## EXERCISE PROMPT:
The records underneath are to be printed in full and exactly, with no pictures carried over.

## INPUT RECORDS:

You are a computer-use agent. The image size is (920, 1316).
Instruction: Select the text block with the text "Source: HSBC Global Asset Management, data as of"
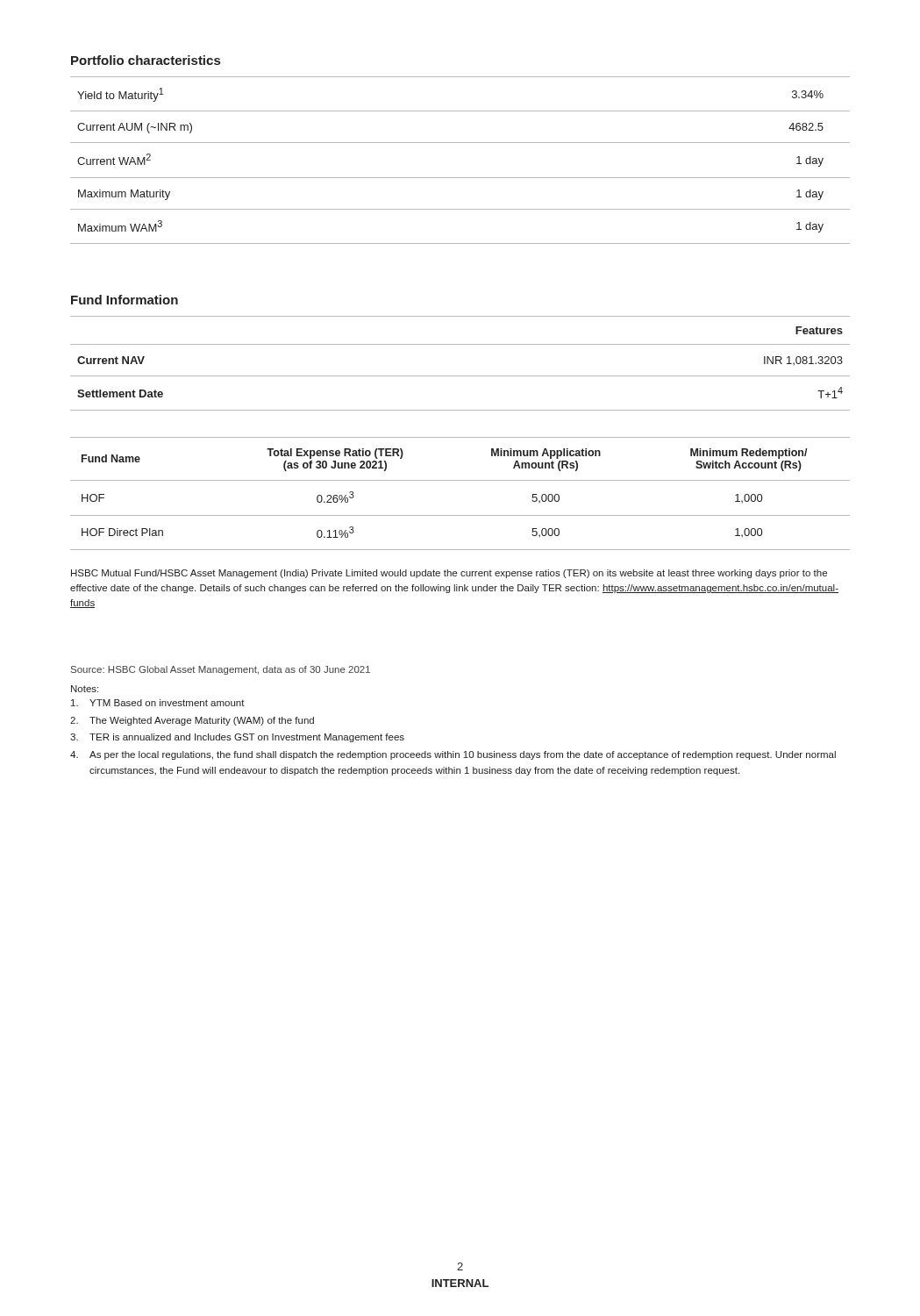tap(220, 669)
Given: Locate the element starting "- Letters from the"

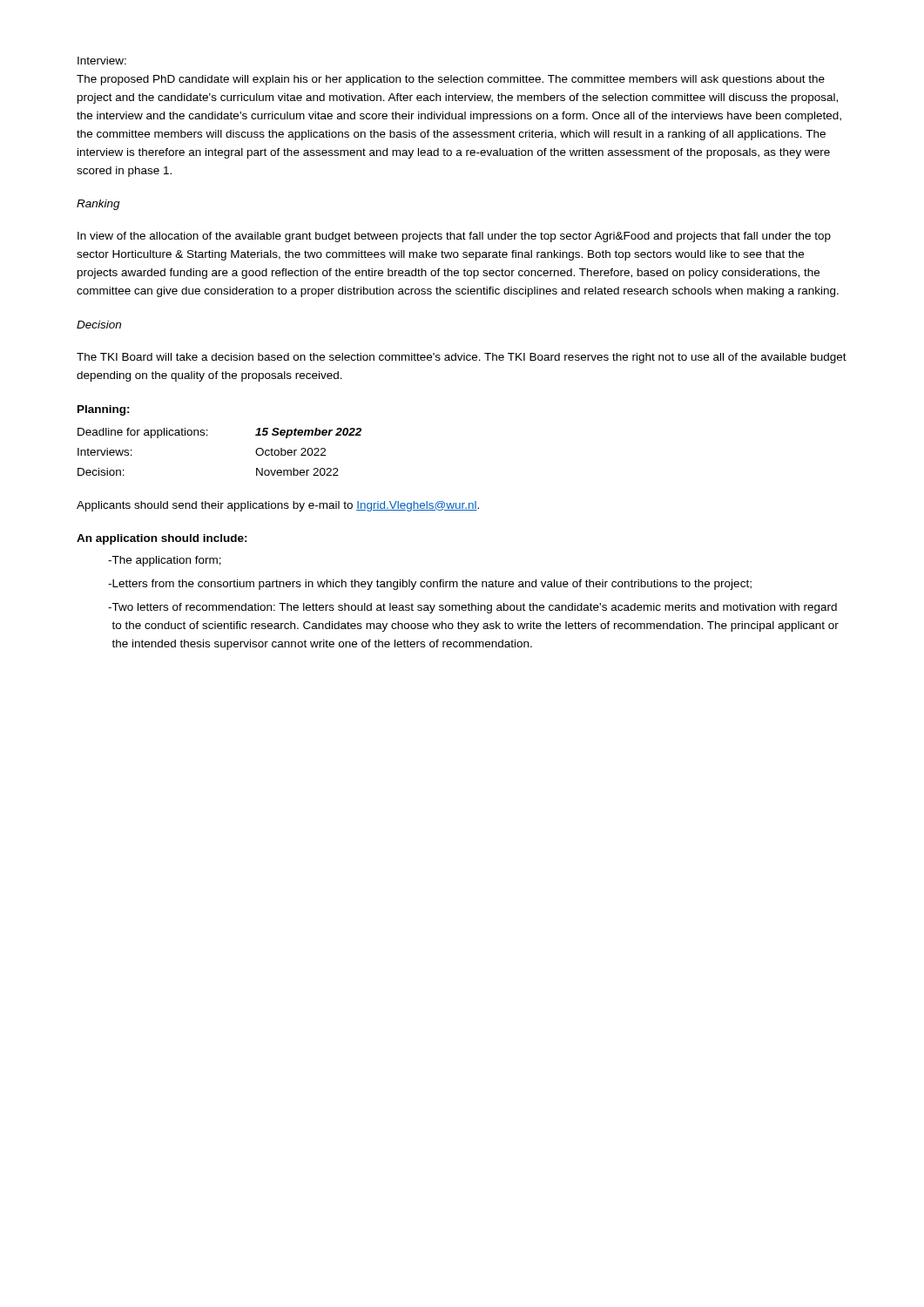Looking at the screenshot, I should click(462, 584).
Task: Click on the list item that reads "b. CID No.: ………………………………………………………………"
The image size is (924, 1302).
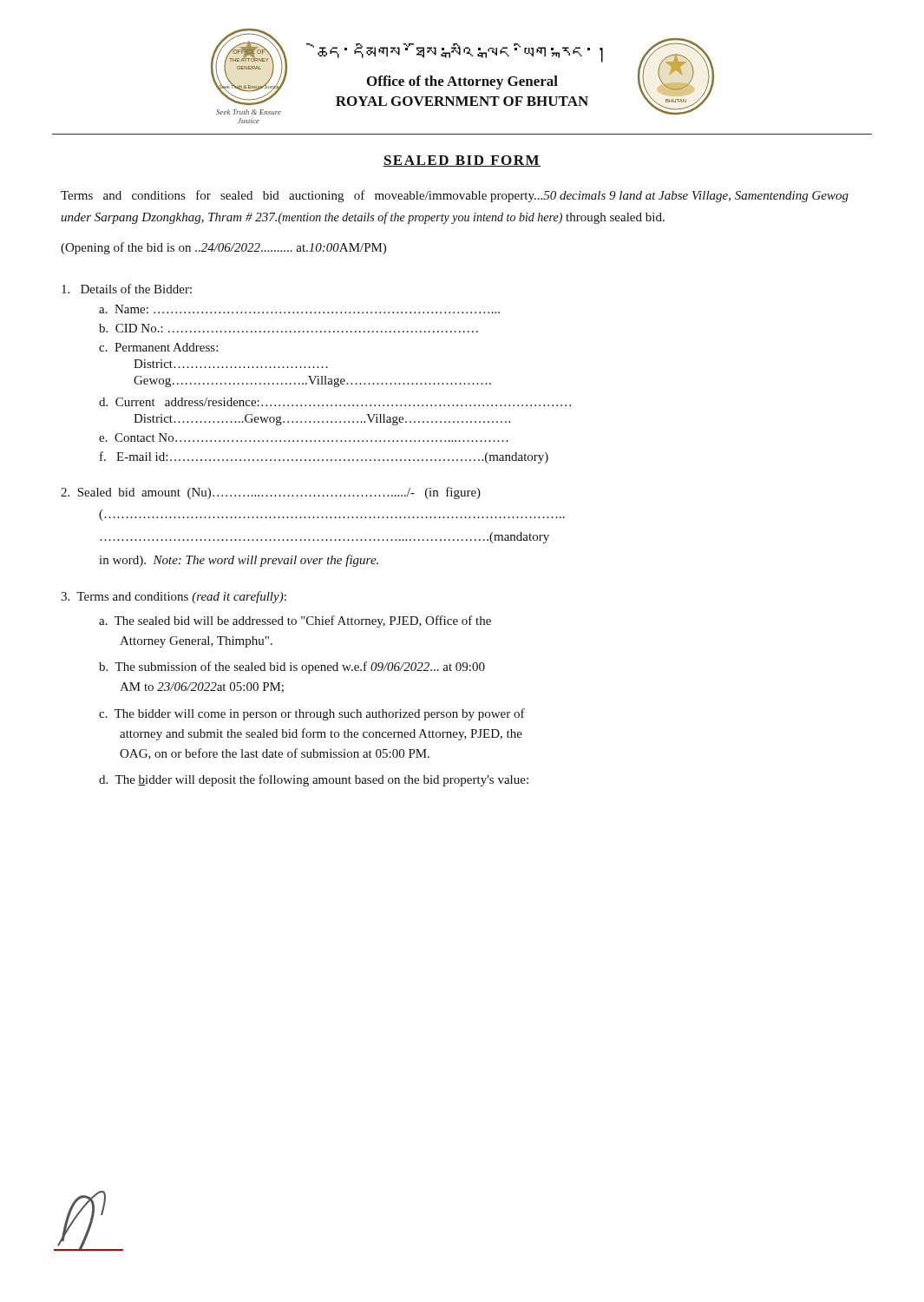Action: pyautogui.click(x=289, y=328)
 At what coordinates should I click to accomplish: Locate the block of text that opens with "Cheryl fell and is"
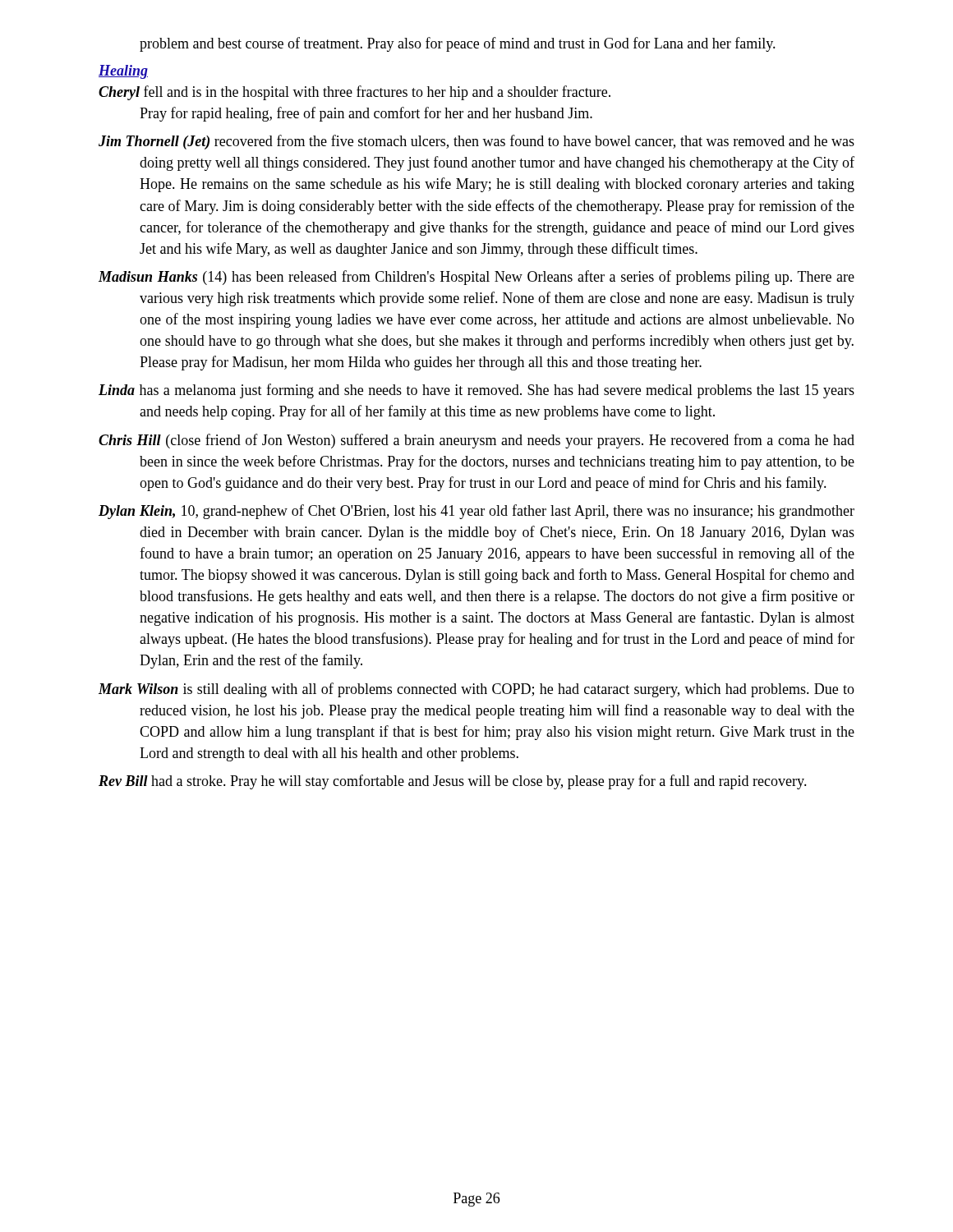coord(355,104)
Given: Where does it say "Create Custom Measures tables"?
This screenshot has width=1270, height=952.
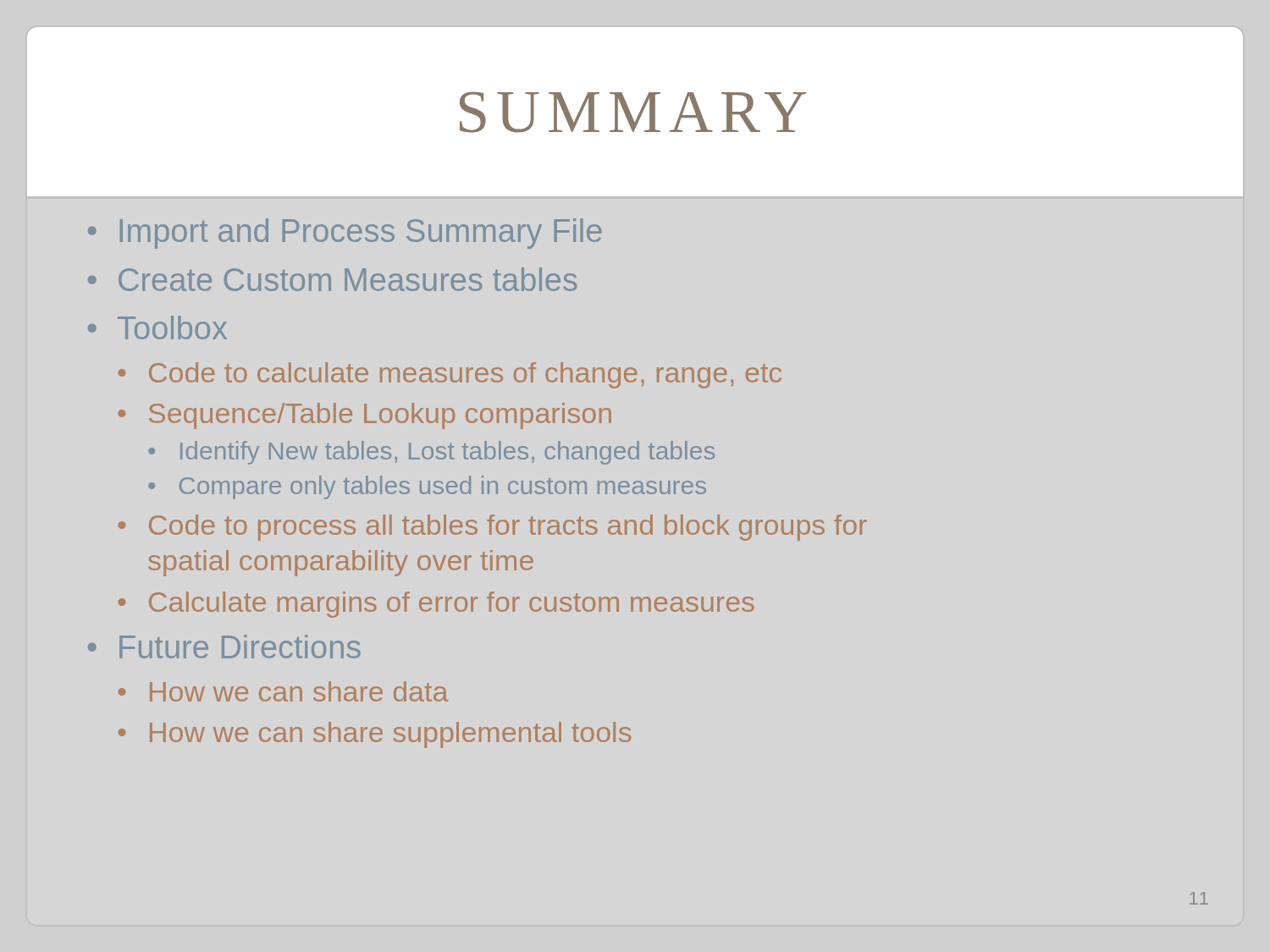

## COMPLETED TASK:
You are a computer-use agent. The image size is (920, 1316).
Instruction: Select the text block with the text "Source: HSBC Global Asset Management, data as of"
tap(220, 669)
Given: Locate the element starting "- Letters from the"

Looking at the screenshot, I should click(462, 584).
Task: Click on the list item that reads "b. CID No.: ………………………………………………………………"
The image size is (924, 1302).
Action: pyautogui.click(x=289, y=328)
 At what coordinates should I click to accomplish: Locate the block of text that opens with "Cheryl fell and is"
coord(355,104)
Given: Where does it say "Create Custom Measures tables"?
This screenshot has width=1270, height=952.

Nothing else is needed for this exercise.